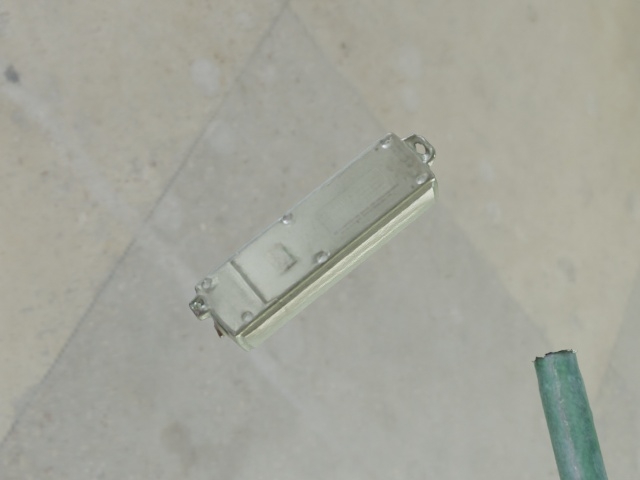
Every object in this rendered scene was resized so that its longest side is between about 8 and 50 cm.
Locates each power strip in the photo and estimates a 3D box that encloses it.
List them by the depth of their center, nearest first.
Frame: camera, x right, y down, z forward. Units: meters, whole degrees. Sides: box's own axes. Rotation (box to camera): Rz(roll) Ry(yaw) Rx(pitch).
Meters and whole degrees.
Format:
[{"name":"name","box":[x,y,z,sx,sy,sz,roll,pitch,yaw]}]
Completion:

_ _ _

* **What to produce**
Apart from the pictures, set down all the entries above exactly.

* **Solution to this task**
Every object in this rendered scene was resized so that its longest side is between about 8 and 50 cm.
Locates each power strip in the photo and estimates a 3D box that encloses it.
List them by the depth of their center, nearest first.
Frame: camera, x right, y down, z forward. Units: meters, whole degrees. Sides: box's own axes. Rotation (box to camera): Rz(roll) Ry(yaw) Rx(pitch).
Meters and whole degrees.
Format:
[{"name":"name","box":[x,y,z,sx,sy,sz,roll,pitch,yaw]}]
Completion:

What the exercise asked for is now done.